GREEN BAY – Charles Woodson has gone from a favorite teammate to a physical marvel among those in the Packers locker room who know him.
As the Packers are watching film of Oakland's defense in advance of Sunday's game, Woodson – now in his 18th NFL season and playing safety for the Raiders – no doubt stands out.
"It's hard not to watch Charles Woodson," quarterback Aaron Rodgers said of his film study this week. Woodson played seven seasons for the Packers (2006-12), winning NFL Defensive Player of the Year in 2009 and then a Super Bowl in 2010.
"He was a great leader for us at a time where we needed that type of leadership, and he took us to a special place and had a lot of memories together.
"He's playing great football.

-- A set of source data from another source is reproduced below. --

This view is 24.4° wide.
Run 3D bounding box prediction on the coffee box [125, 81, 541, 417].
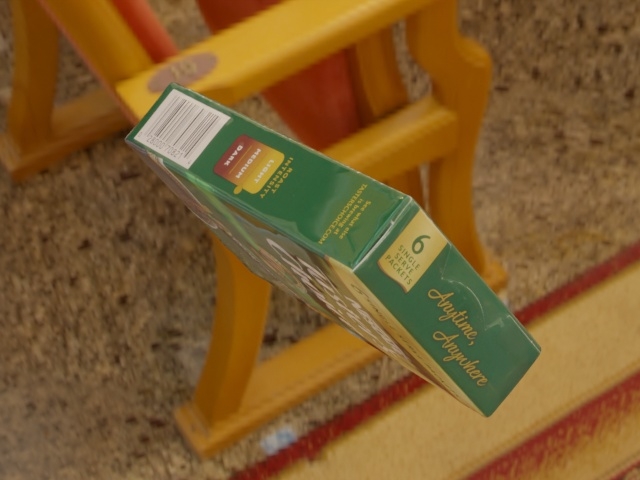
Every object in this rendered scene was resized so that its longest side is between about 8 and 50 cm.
[{"bbox_3d":[0.000,0.000,0.635,0.040,0.113,0.184,-50,41,-9],"label":"coffee box"}]
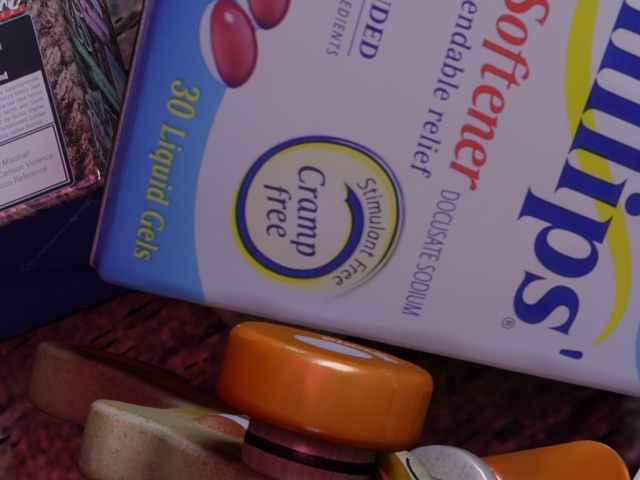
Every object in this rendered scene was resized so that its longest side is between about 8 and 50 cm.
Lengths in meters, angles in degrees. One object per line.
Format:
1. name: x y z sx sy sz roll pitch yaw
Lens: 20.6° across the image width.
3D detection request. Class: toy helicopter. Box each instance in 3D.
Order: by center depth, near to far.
1. toy helicopter: -0.020 0.101 0.823 0.355 0.235 0.140 17 93 54

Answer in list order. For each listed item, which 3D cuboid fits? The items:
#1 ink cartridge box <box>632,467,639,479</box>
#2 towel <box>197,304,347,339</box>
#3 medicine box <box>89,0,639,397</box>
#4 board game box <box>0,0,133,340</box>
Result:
1. ink cartridge box: 0.197 0.131 0.763 0.119 0.207 0.353 30 81 18
2. towel: 0.000 0.000 0.945 0.148 0.027 0.110 -41 61 -17
3. medicine box: 0.067 -0.096 0.790 0.289 0.264 0.149 12 28 -7
4. board game box: -0.237 -0.091 0.982 0.232 0.141 0.291 -20 67 6
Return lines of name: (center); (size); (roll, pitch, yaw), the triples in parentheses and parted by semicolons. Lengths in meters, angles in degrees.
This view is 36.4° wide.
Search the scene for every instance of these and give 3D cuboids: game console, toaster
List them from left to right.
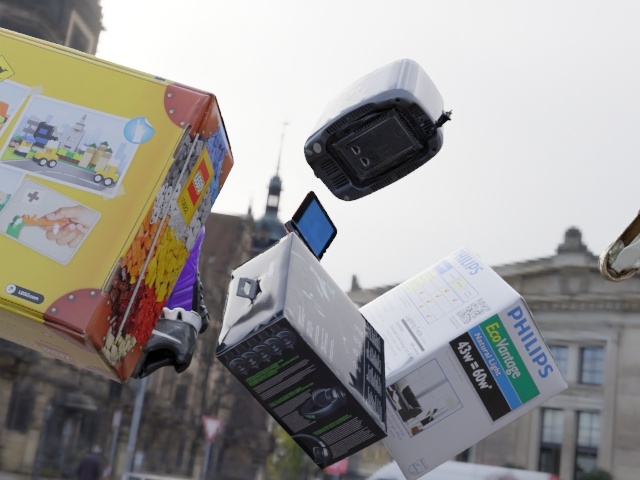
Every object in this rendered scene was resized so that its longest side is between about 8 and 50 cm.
game console: (0.000, 0.000, 1.856); (0.085, 0.124, 0.144); (-34, -44, 0)
toaster: (0.088, -0.166, 1.386); (0.227, 0.146, 0.129); (-30, -65, 27)

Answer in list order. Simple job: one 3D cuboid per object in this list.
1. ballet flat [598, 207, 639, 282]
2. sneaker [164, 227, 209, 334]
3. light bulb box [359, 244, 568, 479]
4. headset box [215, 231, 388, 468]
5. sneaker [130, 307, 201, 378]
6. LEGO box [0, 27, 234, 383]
ballet flat: (0.481, -0.015, 1.410); (0.073, 0.206, 0.067); (35, 22, 8)
sneaker: (-0.270, 0.108, 1.870); (0.146, 0.293, 0.102); (28, -10, -21)
light bulb box: (0.238, 0.233, 1.958); (0.361, 0.225, 0.358); (-31, 19, 0)
headset box: (-0.027, 0.160, 1.509); (0.131, 0.246, 0.283); (-31, -65, 18)
sneaker: (-0.286, 0.147, 1.384); (0.234, 0.106, 0.078); (3, -43, -11)
LEGO box: (-0.428, -0.077, 1.339); (0.500, 0.373, 0.193); (19, -23, 12)

It's impressive to see. Obviously I'm a little biased, but I think any fair opinion out there would say he's playing the position at the top of his game right now."
Rodgers' current teammates certainly agree. Woodson has five interceptions this season, his most since 2011 with the Packers.
"He looks like a young man," said receiver James Jones, who played with Woodson as recently as last season in Oakland. "He's picking stuff off, he's causing fumbles, he's around the ball. Everywhere the ball is, you see '24' in there.
"He can play until he's probably 50 because he understands the game so well."
That might be a stretch, but it is remarkable to think that when Woodson won the Heisman Trophy at Michigan in 1997, current Packers safety Ha Ha Clinton-Dix – who now wears the No. 21 Woodson wore here – was in pre-kindergarten.
"To know I'm in my eighth year and he's still playing in the NFL just blows my mind," said guard Josh Sitton, who was drafted in 2008, two years after Woodson arrived in Green Bay as a free agent. "It's pretty cool. It's very impressive."
Rodgers ranked Woodson in the "top two or three" of his all-time favorite teammates and confessed it was difficult to see such a great friend and leader released after the 2012 season.
He still appreciates what Charles did for him as a quarterback, especially early in his career, learning his trade in training camp as Brett Favre's backup.
"He made me a lot better player," Rodgers said. "I got to work on my look-offs and my no-look passes against Charles, because if you weren't aware of where he was at on every single rep, he would make you look bad.
"The last thing you want to see is Charles holding that ball up after an interception and tossing it back to you. He made everybody better when he was here and still doing it."
Another player making opposing offenses look bad is Oakland outside linebacker Khalil Mack, who now leads the league with 14 sacks after a dominant five-sack performance last Sunday in Denver.
Incredibly, all five of Mack's sacks came in the second half, and four of them came against Denver's right tackle, which puts a big spotlight on Green Bay's Bryan Bulaga this week.
"I think he has everything, to be honest with you," Bulaga said. "He's a strong guy. If you watch how he got most of his sacks against Denver, he's a strong dude. You have to be ready for everything, because he's got good speed as well."
Mack never quits on a snap, and the Packers have to be prepared for that as much as anything.
"A lot of extra-effort plays," Rodgers said of Mack's five sacks last week. "He just keeps coming."
Much like Woodson just keeps playing.